One of the reasons is the difficulty in structuring the key names that are not based on the values.

### Functions

## Introduction to Functions

What is a function in Python and how to create a function?

Functions will be one of our main building blocks when we construct larger and larger amount of code to solve problems.

**So what is a function?**

A function groups a set of statements together to run the statements more than once. It allows us to specify parameters that can serve as inputs to the functions.

Functions allow us to reuse the code instead of writing the code again and again. If you recall strings and lists, remember that len() function is used to find the length of a string. Since checking the length of a sequence is a common task, you would want to write a function that can do this repeatedly at command.

Function is one of the most basic levels of reusing code in Python, and it will also allow us to start thinking of program design.

#### def Statements

Now, let us learn how to build a function and what is the syntax in Python.

The syntax for def statements will be in the following form:

In [None]:
def name_of_function(arg1,arg2):
    '''
    This is where the function's Document String (doc-string) goes
    '''
    # Do stuff here
    #return desired result

We begin with def then a space followed by the name of the function. Try to keep names relevant and simple as possible, for example, len() is a good name for a length() function. Also be careful with names, you wouldn't want to call a function the same name as a [built-in function in Python](https://docs.python.org/2/library/functions.html) (such as len).

Next, comes the number of arguments separated by a comma within a pair of parenthesis which acts as input to the defined function,  reference them and the function definition with a colon.  

Here comes the important step to indent to begin the code inside the defined functions properly. Also remember, Python makes use of *whitespace* to organize code and lot of other programming languages do not do this.

Next, you'll see the doc-string where you write the basic description of the function. Using iPython and iPython Notebooks, you'll be able to read these doc-strings by pressing Shift+Tab after a function name. It is not mandatory to include docstrings with simple functions, but it is a good practice to put them as this will help the programmers to easily understand the code you write.

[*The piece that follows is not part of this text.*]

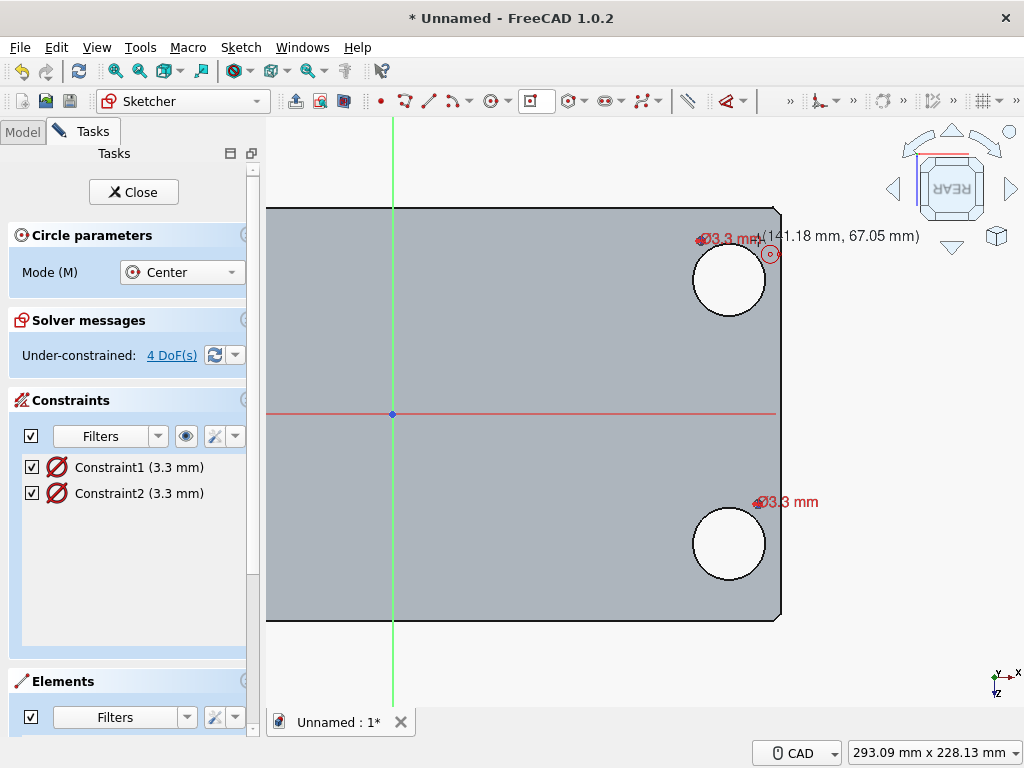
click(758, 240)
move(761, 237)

After all this, you can begin writing the code you wish to execute.

The best way to learn functions is by going through examples. So let's try to analyze and understand examples that relate back to the various objects and data structures we learned.

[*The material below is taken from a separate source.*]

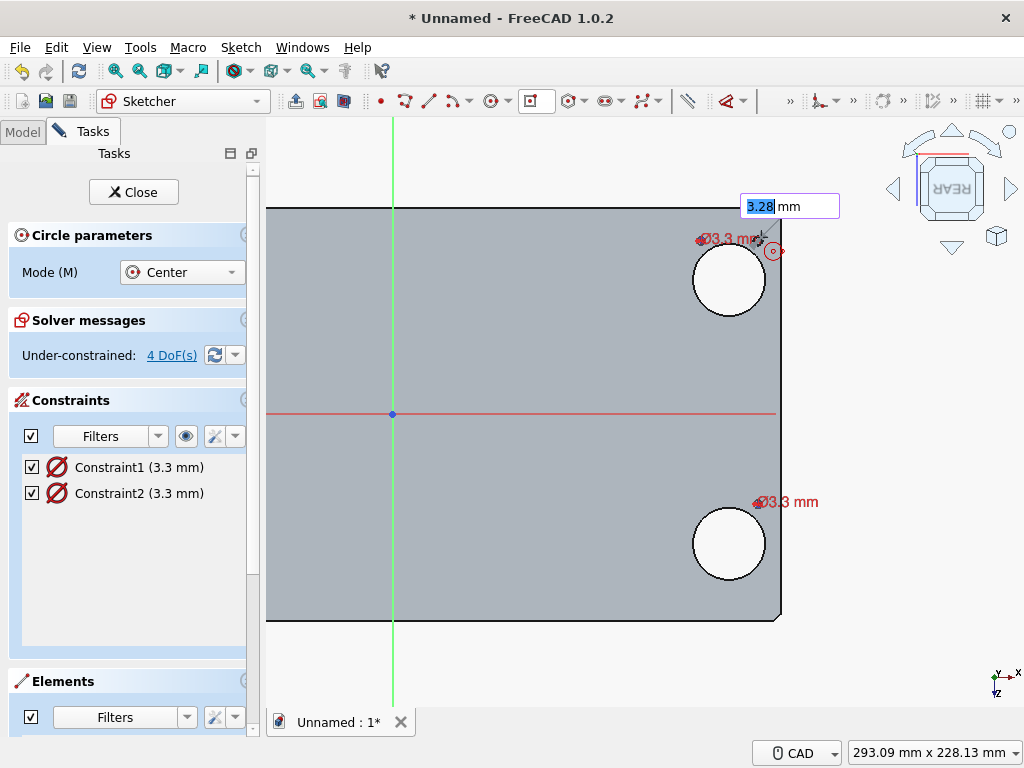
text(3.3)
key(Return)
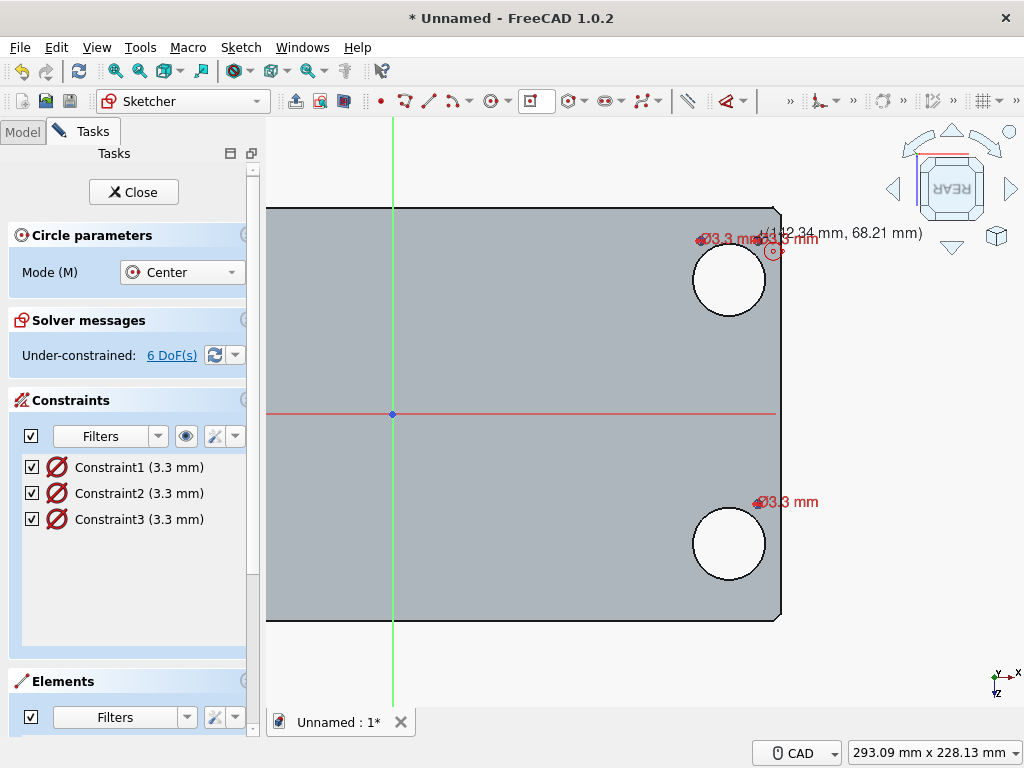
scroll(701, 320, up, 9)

#### Example 1: A simple print 'hello' function

In [None]:
def say_hello():
    print('hello')

Call the function

In [None]:
say_hello()

hello


#### Example 2: A simple greeting function
Let's write a function that greets people with their name.

In [None]:
def greeting(name):
    print('Hello %d' %name)

In [None]:
x

In [None]:
x = greeting(90)


Hello 90


In [None]:
x

#### Using return
Let's see some examples that use a return statement. Return allows a function to "return" a result that can then be stored as a variable, or used in whatever manner a user wants.

### Example 3: Addition function

In [None]:
def add_num(num1,num2):
    return num1+num2

In [None]:
add_num(4,5)

9

In [None]:
# Can also save as variable due to return
result = add_num(4,5)
result

9

In [None]:
print(result)

9


What happens if we input two strings?

In [None]:
print(add_num('one',1))

In Python we don't declare variable types, this function could be used to add numbers or sequences together! Going forward, We'll learn about adding in checks to make sure a user puts in the correct arguments into a function.

Let's also start using *break*,*continue*, and *pass* statements in our code. We introduced these during the while lecture.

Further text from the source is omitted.